Work to complete = Use the entries below and reproduce exactly the lines from the one containing "Numbers: x, y, z, sx, sy, sz, roll, pitch, yaw." down to the one containing "Answer in list order. Create", both of them included.

Input material =
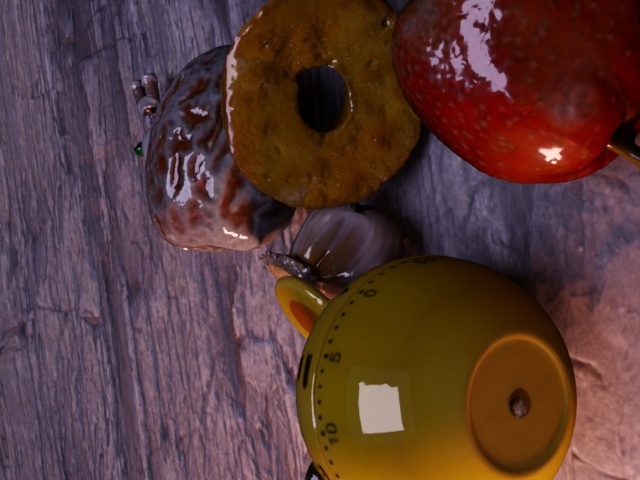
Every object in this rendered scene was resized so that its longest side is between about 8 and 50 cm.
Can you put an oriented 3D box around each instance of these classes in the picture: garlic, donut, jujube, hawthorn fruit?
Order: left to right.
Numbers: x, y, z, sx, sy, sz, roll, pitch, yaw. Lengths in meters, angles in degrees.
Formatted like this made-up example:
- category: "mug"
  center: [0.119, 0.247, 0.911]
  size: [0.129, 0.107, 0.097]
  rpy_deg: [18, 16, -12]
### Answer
- category: "jujube"
  center: [-0.133, -0.136, 1.590]
  size: [0.215, 0.246, 0.308]
  rpy_deg: [169, 104, -73]
- category: "donut"
  center: [-0.005, -0.198, 1.445]
  size: [0.110, 0.303, 0.303]
  rpy_deg: [-136, 48, -67]
- category: "garlic"
  center: [0.000, 0.000, 1.526]
  size: [0.207, 0.207, 0.257]
  rpy_deg: [-55, 51, 39]
- category: "hawthorn fruit"
  center: [0.248, -0.190, 1.164]
  size: [0.369, 0.284, 0.285]
  rpy_deg: [51, 131, 18]

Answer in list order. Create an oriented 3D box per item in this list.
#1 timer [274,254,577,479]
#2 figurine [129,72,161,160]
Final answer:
- category: "timer"
  center: [0.115, 0.192, 1.326]
  size: [0.387, 0.376, 0.376]
  rpy_deg: [-5, 93, 59]
- category: "figurine"
  center: [-0.274, -0.197, 1.879]
  size: [0.147, 0.093, 0.197]
  rpy_deg: [-27, 67, 25]
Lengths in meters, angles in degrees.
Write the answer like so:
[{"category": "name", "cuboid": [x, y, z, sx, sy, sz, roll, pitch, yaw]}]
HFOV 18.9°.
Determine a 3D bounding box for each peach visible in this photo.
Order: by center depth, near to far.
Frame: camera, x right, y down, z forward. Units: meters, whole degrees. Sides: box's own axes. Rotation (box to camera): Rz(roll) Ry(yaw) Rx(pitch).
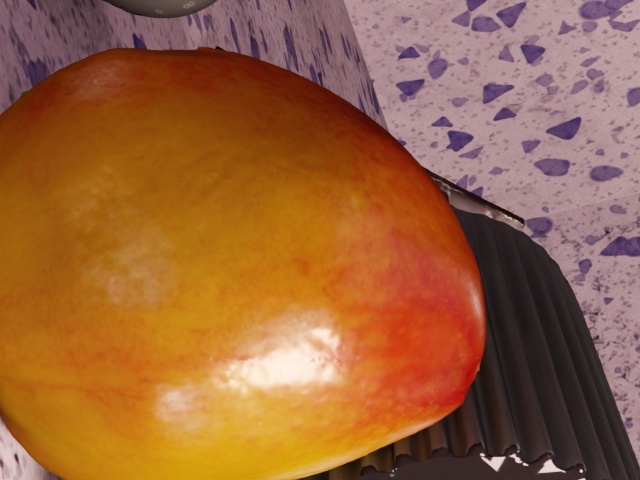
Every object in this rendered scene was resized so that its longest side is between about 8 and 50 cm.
[{"category": "peach", "cuboid": [-0.060, 0.017, 1.200, 0.289, 0.307, 0.289, -13, 90, -79]}]

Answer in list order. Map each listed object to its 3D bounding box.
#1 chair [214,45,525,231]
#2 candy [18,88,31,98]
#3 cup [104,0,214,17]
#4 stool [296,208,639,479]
[{"category": "chair", "cuboid": [0.000, 0.000, 2.183, 0.241, 0.416, 0.203, -59, -173, 19]}, {"category": "candy", "cuboid": [-0.185, -0.071, 1.467, 0.178, 0.032, 0.102, -38, 115, -81]}, {"category": "cup", "cuboid": [-0.162, -0.307, 1.629, 0.258, 0.186, 0.234, 49, -2, 4]}, {"category": "stool", "cuboid": [0.090, 0.162, 1.419, 0.330, 0.297, 0.297, -93, 167, -56]}]
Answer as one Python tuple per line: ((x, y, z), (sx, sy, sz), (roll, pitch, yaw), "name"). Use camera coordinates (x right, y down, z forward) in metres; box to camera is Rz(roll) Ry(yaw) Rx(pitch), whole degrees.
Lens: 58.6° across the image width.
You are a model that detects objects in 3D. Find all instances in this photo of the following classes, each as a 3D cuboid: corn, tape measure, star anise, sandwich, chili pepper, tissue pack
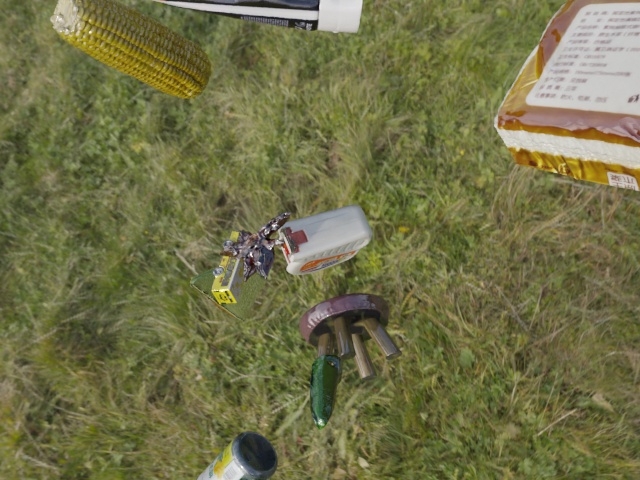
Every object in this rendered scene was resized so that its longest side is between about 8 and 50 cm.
((-0.368, -0.392, 1.159), (0.131, 0.345, 0.131), (-5, 81, 33), "corn")
((0.000, 0.000, 1.623), (0.258, 0.265, 0.130), (-19, 76, -21), "tape measure")
((-0.149, 0.027, 1.359), (0.213, 0.053, 0.156), (-16, 70, 26), "star anise")
((-0.309, 0.128, 1.961), (0.063, 0.245, 0.212), (0, 54, 48), "sandwich")
((0.013, 0.367, 1.369), (0.062, 0.108, 0.216), (-11, 27, 17), "chili pepper")
((0.291, -0.134, 0.485), (0.226, 0.092, 0.183), (21, 71, 48), "tissue pack")

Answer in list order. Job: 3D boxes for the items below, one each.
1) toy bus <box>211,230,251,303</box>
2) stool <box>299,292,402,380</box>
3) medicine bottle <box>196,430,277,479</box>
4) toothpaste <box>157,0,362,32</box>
((-0.257, 0.075, 1.673), (0.074, 0.081, 0.226), (-2, 47, 18), "toy bus")
((0.086, 0.287, 1.642), (0.272, 0.272, 0.178), (-20, 56, 7), "stool")
((-0.251, 0.662, 1.566), (0.293, 0.141, 0.141), (-51, 57, 23), "medicine bottle")
((-0.061, -0.208, 0.490), (0.194, 0.045, 0.071), (3, 27, -3), "toothpaste")

Answer to this exercise =
Numbers: x, y, z, sx, sy, sz, roll, pitch, yaw. Lengths in meters, angles in degrees.
Formatted like this made-up example:
- category: "mug"
  center: [0.119, 0.247, 0.911]
  size: [0.129, 0.107, 0.097]
  rpy_deg: [18, 16, -12]
### Answer
- category: "jujube"
  center: [-0.133, -0.136, 1.590]
  size: [0.215, 0.246, 0.308]
  rpy_deg: [169, 104, -73]
- category: "donut"
  center: [-0.005, -0.198, 1.445]
  size: [0.110, 0.303, 0.303]
  rpy_deg: [-136, 48, -67]
- category: "garlic"
  center: [0.000, 0.000, 1.526]
  size: [0.207, 0.207, 0.257]
  rpy_deg: [-55, 51, 39]
- category: "hawthorn fruit"
  center: [0.248, -0.190, 1.164]
  size: [0.369, 0.284, 0.285]
  rpy_deg: [51, 131, 18]

Answer in list order. Create an oriented 3D box per item in this list.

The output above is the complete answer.